If you like big ideas, Joseph Schumpeter’s great work Capitalism, Socialism, and Democracy, is a book you will devour. It is packed with scintillating insight on all the topics that really matter: capitalism and its future, the absurdities of socialism, the dangers of democratic rule, the future of freedom, and the social dynamics that protect and undermine freedom.
Schumpeter himself cannot be called a member of the Austrian School but he emerges from within its culture and among its leading thinkers. Schumpeter went his own way with an eclectic and unsystematic theory of economics. But he is second to none in the integration of social, political, and economic thought. He understood Marxism and capitalist theory as well as any of his contemporaries, and managed to keep enough distance from the affair of the day to observe the big trends and the dynamics pushing them.
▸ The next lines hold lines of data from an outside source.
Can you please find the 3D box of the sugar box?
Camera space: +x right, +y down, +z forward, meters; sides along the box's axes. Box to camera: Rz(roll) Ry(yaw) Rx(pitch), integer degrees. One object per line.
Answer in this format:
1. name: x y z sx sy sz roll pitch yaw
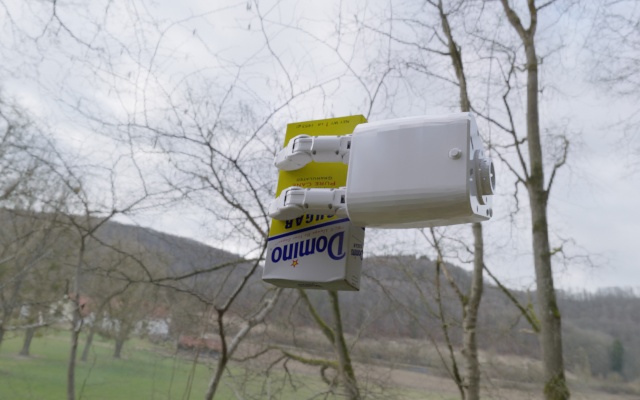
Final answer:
1. sugar box: 0.000 0.001 0.493 0.093 0.176 0.048 -3 -24 26
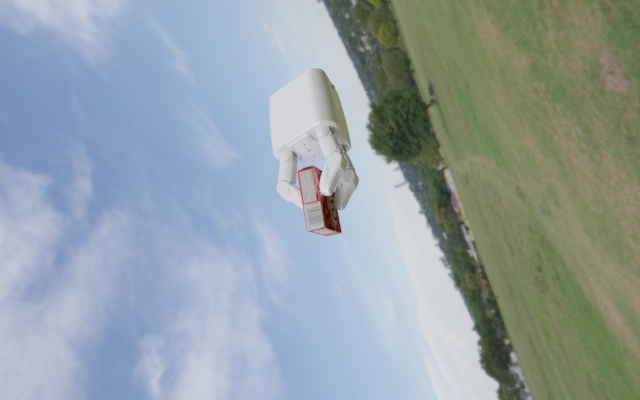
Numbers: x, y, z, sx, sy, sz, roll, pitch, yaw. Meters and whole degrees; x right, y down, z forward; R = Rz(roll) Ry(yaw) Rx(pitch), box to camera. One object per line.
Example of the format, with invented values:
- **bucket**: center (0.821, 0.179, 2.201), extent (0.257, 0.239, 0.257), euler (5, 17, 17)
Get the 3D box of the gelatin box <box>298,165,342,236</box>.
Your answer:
- **gelatin box**: center (0.000, 0.003, 0.671), extent (0.030, 0.089, 0.073), euler (-14, -14, 18)
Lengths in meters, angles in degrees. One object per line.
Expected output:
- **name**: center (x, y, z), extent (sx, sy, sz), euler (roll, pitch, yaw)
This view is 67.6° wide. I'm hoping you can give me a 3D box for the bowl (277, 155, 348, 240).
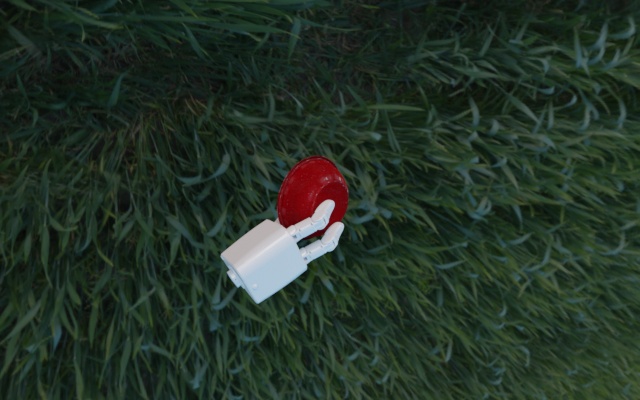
- **bowl**: center (0.001, 0.002, 0.865), extent (0.162, 0.162, 0.055), euler (0, 15, -46)
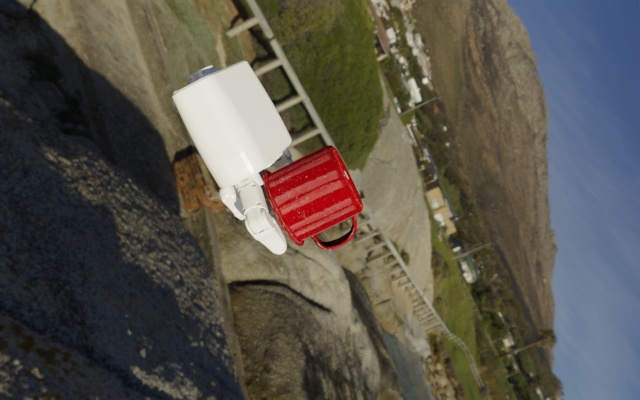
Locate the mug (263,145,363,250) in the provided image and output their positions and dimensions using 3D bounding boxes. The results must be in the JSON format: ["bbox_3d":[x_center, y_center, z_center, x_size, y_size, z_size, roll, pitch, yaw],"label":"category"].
[{"bbox_3d":[0.001,0.003,0.526,0.081,0.117,0.093,-26,17,8],"label":"mug"}]
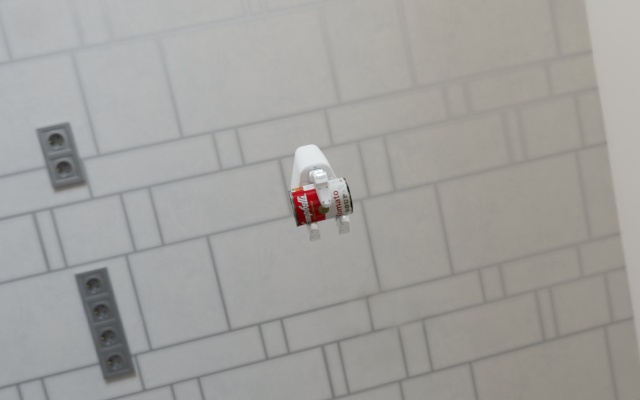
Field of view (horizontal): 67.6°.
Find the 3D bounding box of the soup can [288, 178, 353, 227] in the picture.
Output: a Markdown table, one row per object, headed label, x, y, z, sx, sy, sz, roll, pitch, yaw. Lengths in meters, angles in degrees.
| label | x | y | z | sx | sy | sz | roll | pitch | yaw |
| --- | --- | --- | --- | --- | --- | --- | --- | --- | --- |
| soup can | 0.000 | 0.003 | 0.841 | 0.102 | 0.068 | 0.068 | -13 | 1 | -5 |
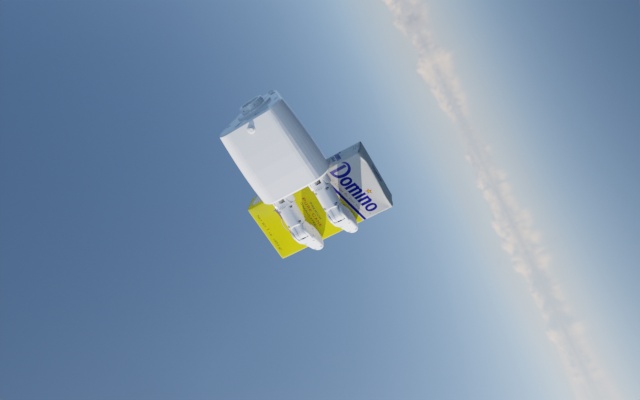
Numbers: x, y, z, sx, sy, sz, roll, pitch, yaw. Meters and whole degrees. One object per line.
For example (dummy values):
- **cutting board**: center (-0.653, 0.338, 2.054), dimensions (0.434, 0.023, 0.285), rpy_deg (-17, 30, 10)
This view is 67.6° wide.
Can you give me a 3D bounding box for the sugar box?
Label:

It was written in 1942 and its importance has grown year by year to the point that no student of the liberal society can afford not to read and master this treatise. It is most famous for its prediction that capitalism is unsustainable not because it is a flawed system but rather because voters and bureaucrats in an otherwise free society will fail to protect capitalism from its enemies.
He is particularly ruthless in observing how people take the triumphs of capitalism for granted, and how even those who benefit most from its productivity tend to be the same people who want the capitalist process shut down in their own self-interest.
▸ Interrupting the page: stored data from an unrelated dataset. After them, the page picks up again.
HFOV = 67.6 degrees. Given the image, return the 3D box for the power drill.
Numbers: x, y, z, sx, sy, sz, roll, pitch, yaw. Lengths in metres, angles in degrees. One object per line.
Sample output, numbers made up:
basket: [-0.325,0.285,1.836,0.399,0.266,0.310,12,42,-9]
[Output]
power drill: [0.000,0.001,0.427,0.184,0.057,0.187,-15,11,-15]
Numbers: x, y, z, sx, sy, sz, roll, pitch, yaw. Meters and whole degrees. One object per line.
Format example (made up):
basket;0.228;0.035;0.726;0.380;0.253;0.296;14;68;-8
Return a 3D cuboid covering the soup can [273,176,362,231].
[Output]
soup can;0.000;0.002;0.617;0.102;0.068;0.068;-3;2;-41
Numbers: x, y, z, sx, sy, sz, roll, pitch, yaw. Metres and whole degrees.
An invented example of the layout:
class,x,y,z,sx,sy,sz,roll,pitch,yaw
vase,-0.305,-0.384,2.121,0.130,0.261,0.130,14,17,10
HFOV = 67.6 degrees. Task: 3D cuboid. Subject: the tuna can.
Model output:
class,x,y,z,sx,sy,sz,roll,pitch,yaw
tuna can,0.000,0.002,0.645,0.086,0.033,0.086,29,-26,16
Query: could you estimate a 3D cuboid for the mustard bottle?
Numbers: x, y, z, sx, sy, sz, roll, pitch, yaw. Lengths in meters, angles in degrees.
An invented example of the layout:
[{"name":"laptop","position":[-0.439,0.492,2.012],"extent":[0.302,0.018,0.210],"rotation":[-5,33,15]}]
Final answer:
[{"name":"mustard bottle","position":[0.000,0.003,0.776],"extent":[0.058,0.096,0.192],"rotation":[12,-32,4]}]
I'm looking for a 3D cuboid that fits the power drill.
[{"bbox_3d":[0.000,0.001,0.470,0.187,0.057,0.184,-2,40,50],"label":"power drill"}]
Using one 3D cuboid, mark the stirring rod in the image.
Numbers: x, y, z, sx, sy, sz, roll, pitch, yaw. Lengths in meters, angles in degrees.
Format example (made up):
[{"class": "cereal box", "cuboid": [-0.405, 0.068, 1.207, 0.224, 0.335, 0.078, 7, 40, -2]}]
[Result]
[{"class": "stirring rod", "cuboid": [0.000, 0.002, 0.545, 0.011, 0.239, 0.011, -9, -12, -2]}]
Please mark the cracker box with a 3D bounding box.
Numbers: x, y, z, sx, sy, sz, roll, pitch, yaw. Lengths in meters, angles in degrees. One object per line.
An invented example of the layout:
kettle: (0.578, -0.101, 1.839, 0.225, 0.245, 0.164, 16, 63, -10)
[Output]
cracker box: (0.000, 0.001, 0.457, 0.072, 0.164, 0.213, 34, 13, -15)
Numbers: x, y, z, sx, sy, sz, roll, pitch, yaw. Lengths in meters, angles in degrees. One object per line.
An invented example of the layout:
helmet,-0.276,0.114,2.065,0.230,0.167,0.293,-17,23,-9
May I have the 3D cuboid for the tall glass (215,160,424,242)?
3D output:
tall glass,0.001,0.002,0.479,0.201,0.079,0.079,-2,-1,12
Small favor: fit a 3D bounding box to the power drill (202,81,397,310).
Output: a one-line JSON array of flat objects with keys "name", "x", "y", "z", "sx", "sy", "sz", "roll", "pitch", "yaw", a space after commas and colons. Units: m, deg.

Not everything he says in here is prophetic but he makes the reader think hard about the big issues in society. His most lasting contribution is his insight that capitalism is a process of creative destruction, constantly bringing us new innovations and wiping out the old ways. Thus does the free society insist on relentless adaption to progress – and he has grave doubts that people are culturally prepared for this process. Insofar as the democratic process allows them to do so, the public will turn on freedom, he predicts, and smash the source of its own well being.
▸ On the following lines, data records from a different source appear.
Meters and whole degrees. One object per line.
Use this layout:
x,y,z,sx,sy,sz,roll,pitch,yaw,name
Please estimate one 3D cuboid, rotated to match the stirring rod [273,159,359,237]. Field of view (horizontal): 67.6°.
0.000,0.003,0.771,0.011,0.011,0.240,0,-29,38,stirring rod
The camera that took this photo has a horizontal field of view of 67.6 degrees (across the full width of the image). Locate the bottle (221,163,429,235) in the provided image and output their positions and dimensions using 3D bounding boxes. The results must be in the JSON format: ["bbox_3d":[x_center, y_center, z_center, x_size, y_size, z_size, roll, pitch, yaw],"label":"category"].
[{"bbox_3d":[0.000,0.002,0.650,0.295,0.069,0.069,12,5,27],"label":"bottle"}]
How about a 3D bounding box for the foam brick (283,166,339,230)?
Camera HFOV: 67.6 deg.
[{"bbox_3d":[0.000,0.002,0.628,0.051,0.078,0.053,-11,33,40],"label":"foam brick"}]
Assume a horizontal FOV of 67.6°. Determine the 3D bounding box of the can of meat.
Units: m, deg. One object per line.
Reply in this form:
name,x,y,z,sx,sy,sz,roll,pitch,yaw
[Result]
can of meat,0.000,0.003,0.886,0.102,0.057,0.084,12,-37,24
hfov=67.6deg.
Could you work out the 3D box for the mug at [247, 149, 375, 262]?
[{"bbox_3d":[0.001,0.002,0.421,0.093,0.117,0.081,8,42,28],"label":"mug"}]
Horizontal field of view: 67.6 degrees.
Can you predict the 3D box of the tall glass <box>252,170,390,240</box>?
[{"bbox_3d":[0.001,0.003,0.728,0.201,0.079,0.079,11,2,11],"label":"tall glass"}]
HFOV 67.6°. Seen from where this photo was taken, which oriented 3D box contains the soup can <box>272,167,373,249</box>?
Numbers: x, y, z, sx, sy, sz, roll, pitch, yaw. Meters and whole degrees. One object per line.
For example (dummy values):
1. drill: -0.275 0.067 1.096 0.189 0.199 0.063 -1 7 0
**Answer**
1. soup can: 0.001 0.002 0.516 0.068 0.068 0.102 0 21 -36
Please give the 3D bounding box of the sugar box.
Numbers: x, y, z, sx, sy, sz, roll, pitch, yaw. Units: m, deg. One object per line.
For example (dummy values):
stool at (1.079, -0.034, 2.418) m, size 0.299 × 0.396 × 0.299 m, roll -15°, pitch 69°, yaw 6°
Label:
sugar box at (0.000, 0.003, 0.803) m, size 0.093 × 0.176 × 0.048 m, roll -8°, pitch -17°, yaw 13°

Schumpeter was also a pioneer in doing what Rothbard later perfected: drawing from both left and right to forge a new path forward. (Rothbard, in particular, was a huge fan of this work.)
Rather than being a gloomy book, as one might think, the prose is bursting with energy, creativity, and insight – and has a lasting power to provoke deep thought on the social, cultural, and intellectual foundations of the economic order.
Schumpeter was never better than in his crafting of this masterpiece, and no one serious about social and economic thought can fail to benefit from his provocations.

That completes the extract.